I used to go visit a great aunt and uncle for a week every summer.  She was my maternal grandmother's sister and he was my maternal grandfather's brother - they never had children of their own but were extra grandparents to my family.  They still lived in the town near where they were born and where his mother still lived with a widowed daughter.   I would always have a day to spend with Grandma and Aunt Maude at the old home, but mostly the time was spent with Grandma.


When I arrived, Grandma, then in her mid 80's, would be sitting at the kitchen table sipping her coffee from the saucer, not the cup.  This is an old country habit - a quick way to cool the coffee - pour it into the saucer and then drink  from the saucer.   She was the only person I ever saw actually do that and it was very fascinating to a 10-year-old whose own Mom would probably slap her away from the table if she dared drink from a saucer!


Now by age 10, I was already taller than my tiny great-grandmother who probably never weighed as much as 95 pounds.  Yet she had delivered eleven babies without benefit of hospitals - that was fascinating, too.


After Grandma finished her coffee, she would always take me back into the living room which was furnished in bits and pieces of furniture reminiscent of horse-hair Victorian and always very dark to keep out the Southern heat.
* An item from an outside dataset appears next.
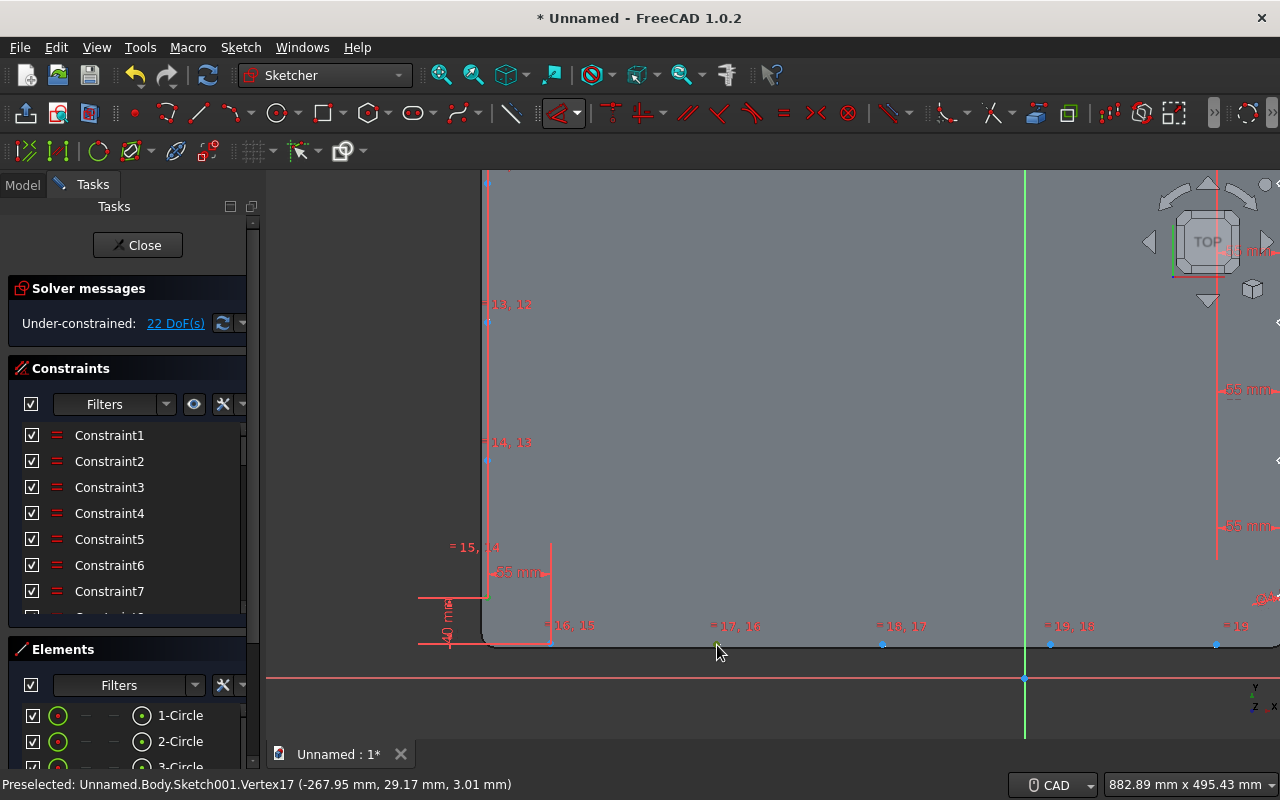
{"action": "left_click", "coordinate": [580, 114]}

She would take me to a picture on the wall.  It was a picture of her family about the time her first two grandchildren had been born and included her long dead husband, nine of her children, the spouses of the older children and the babies.  I was to tell her who each person in the picture was and how they were related.  As the majority of the people in the picture were still living and were still in that small town, or they trekked back home every April for Grandma's annual birthday party, this was easy to do.  I have a copy of that picture now and of course, none of them are living now. Honestly - it doesn't seem that was 60 years ago and counting.


Then Grandma would be ready for the rocking chair in the corner of her bedroom where she spent most of her days and tell me stories about her family.  Hanging on the wall across from her rocker where she could look at it often, was a portrait of her lovely daughter Lelia, who had died at age thirteen.  Other than her first newborn that lived only five days, that was her only deceased child.  Her first story was always to tell me about Lelia and how a mother could never recover from such a loss.


Grandma lived to be almost 97, although both her frail body and her mind failed her in the last years.  Maude lovingly cared for her there in her bedroom until she drew her last breath.  I think as a link to such a long-ago past along with the deep feeling of love and pride in her family, Grandma provided me with that burning desire to know more about all those who had gone before.